(Stored data entries)
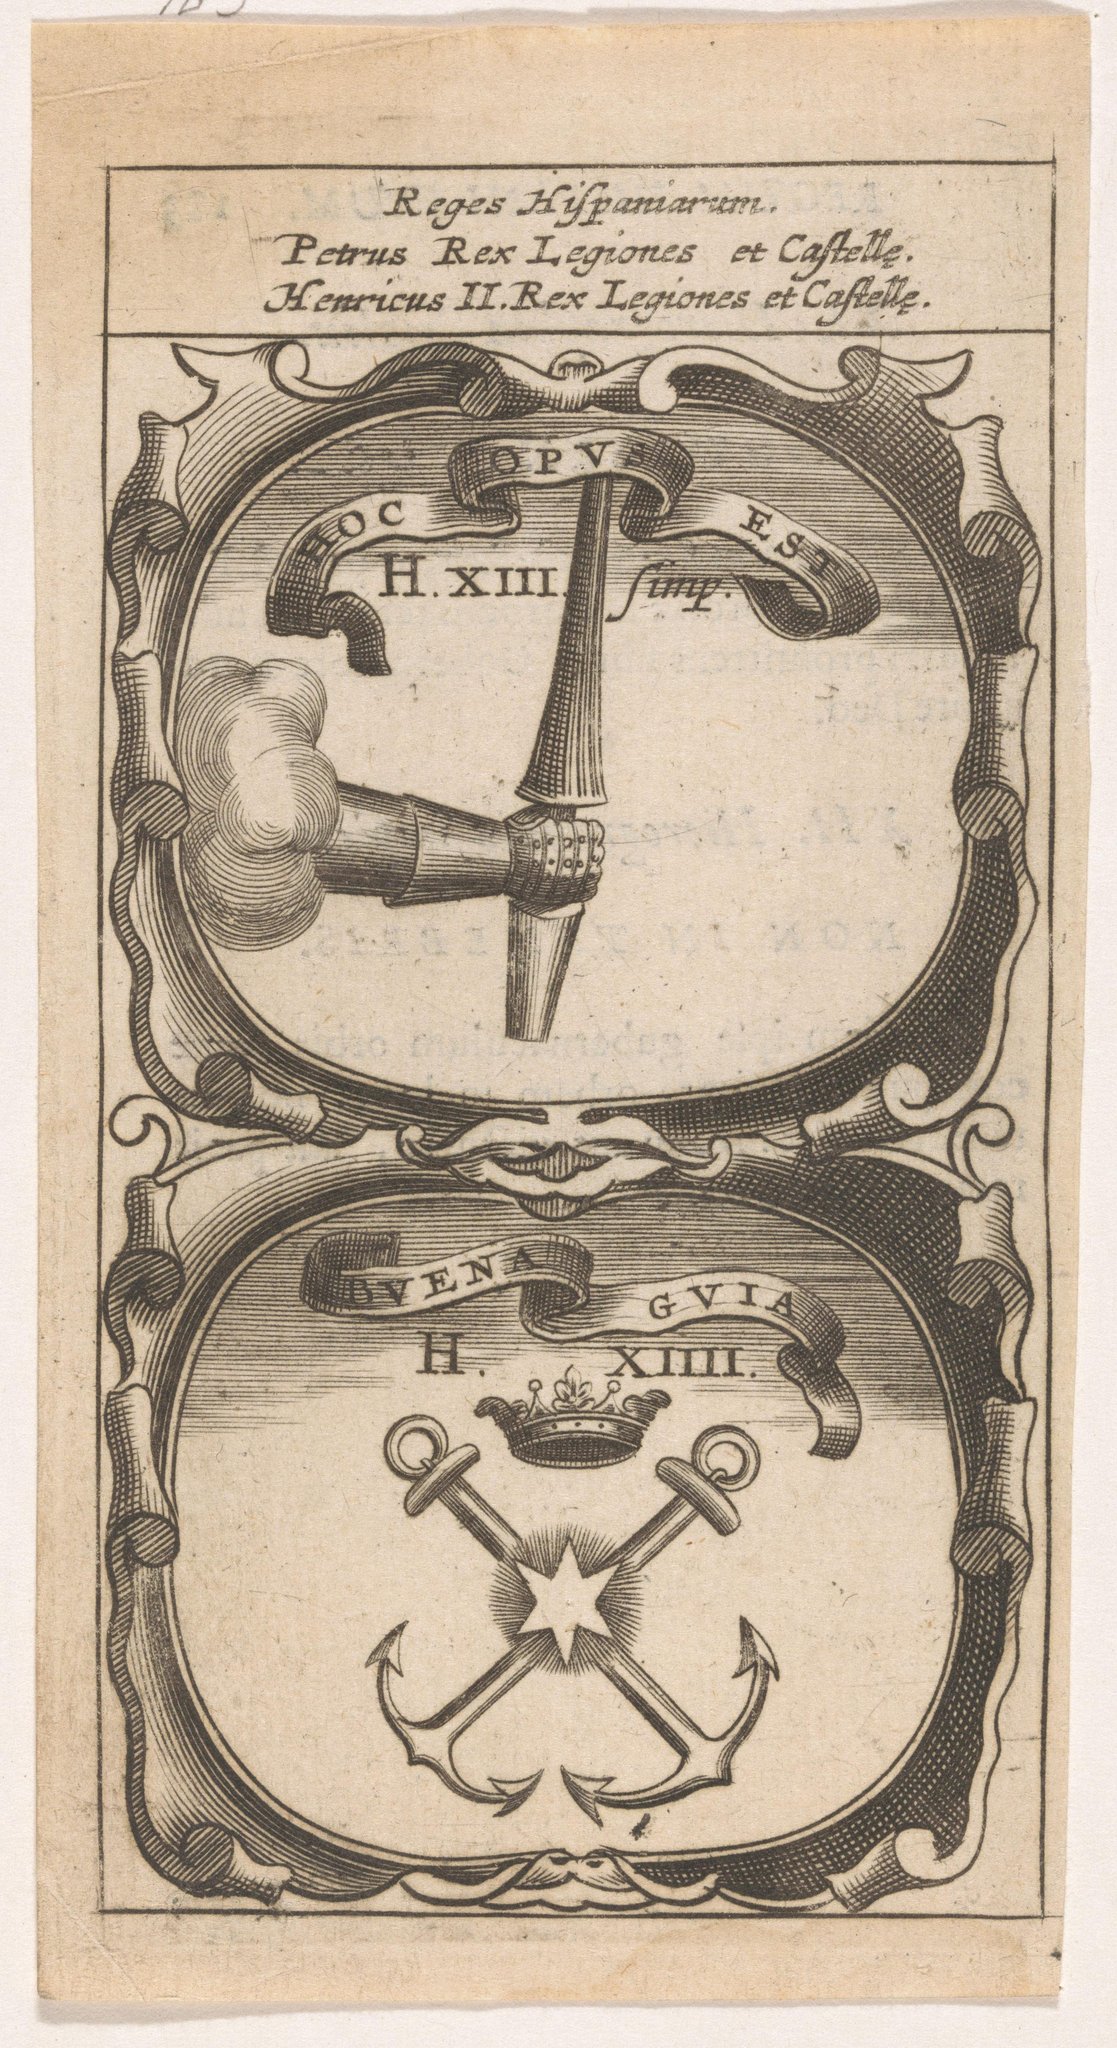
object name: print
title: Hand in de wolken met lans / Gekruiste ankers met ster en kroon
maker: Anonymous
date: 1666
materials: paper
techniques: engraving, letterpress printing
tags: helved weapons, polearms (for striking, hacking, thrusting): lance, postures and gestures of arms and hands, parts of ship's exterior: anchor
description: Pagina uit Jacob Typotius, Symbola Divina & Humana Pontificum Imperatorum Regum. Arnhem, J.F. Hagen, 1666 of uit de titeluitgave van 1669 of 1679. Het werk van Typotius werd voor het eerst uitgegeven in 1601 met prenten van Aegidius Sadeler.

• [Task brief] Retype the data exactly as it stands, but keep the images out of your copy.

• [Output below]
object name: print
title: Hand in de wolken met lans / Gekruiste ankers met ster en kroon
maker: Anonymous
date: 1666
materials: paper
techniques: engraving, letterpress printing
tags: helved weapons, polearms (for striking, hacking, thrusting): lance, postures and gestures of arms and hands, parts of ship's exterior: anchor
description: Pagina uit Jacob Typotius, Symbola Divina & Humana Pontificum Imperatorum Regum. Arnhem, J.F. Hagen, 1666 of uit de titeluitgave van 1669 of 1679. Het werk van Typotius werd voor het eerst uitgegeven in 1601 met prenten van Aegidius Sadeler.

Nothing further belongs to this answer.